**What you need to do**
The required output is the exact sequence of lines from the line holding "Some wall defects" to the end of the records, inclusive.

[Extracted data entries]
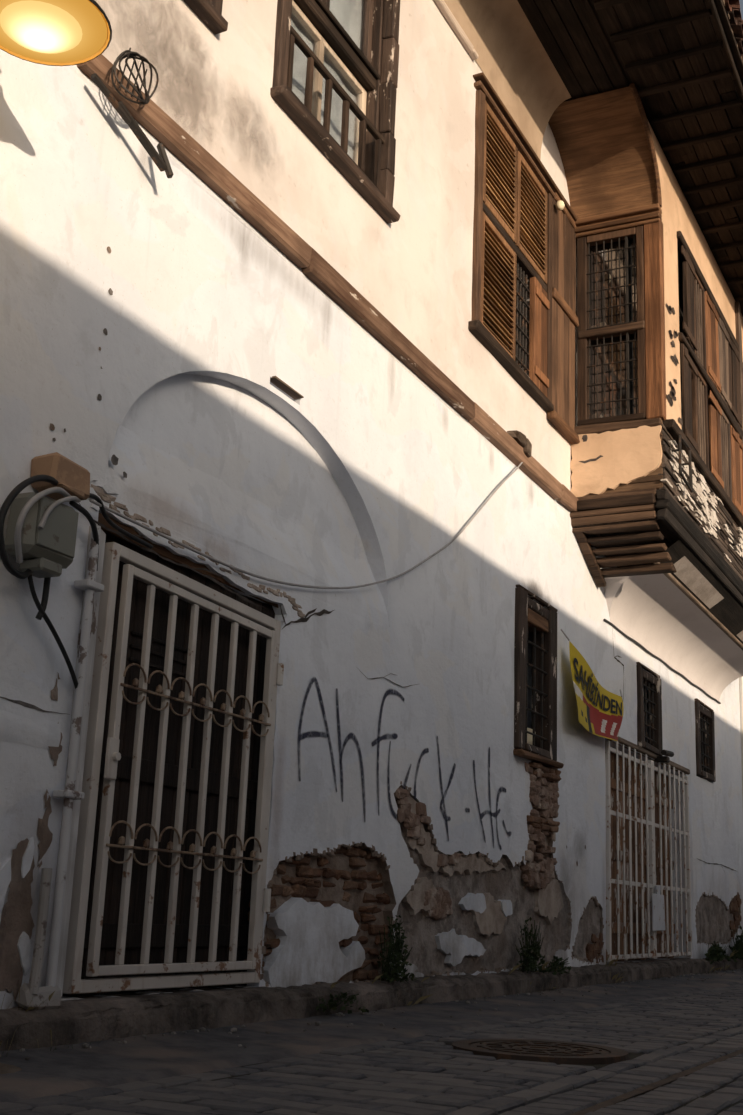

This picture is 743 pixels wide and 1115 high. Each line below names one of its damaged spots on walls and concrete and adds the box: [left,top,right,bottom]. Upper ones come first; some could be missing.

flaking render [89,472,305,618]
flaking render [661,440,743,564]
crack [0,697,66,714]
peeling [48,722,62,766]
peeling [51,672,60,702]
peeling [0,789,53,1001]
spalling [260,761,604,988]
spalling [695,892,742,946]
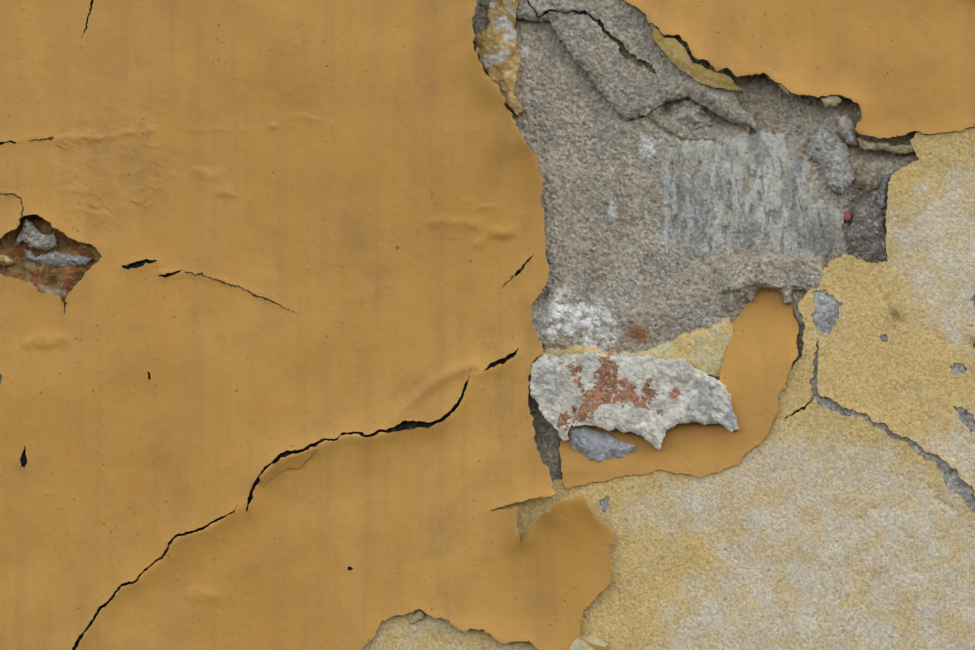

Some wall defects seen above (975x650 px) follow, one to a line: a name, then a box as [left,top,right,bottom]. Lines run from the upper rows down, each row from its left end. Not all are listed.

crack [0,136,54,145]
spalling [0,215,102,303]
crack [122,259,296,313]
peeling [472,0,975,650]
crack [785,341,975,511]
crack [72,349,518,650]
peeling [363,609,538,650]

**Result**
Some wall defects seen above (975x650 px) follow, one to a line: a name, then a box as [left,top,right,bottom]. Lines run from the upper rows down, each row from its left end. Not all are listed.

crack [0,136,54,145]
spalling [0,215,102,303]
crack [122,259,296,313]
peeling [472,0,975,650]
crack [785,341,975,511]
crack [72,349,518,650]
peeling [363,609,538,650]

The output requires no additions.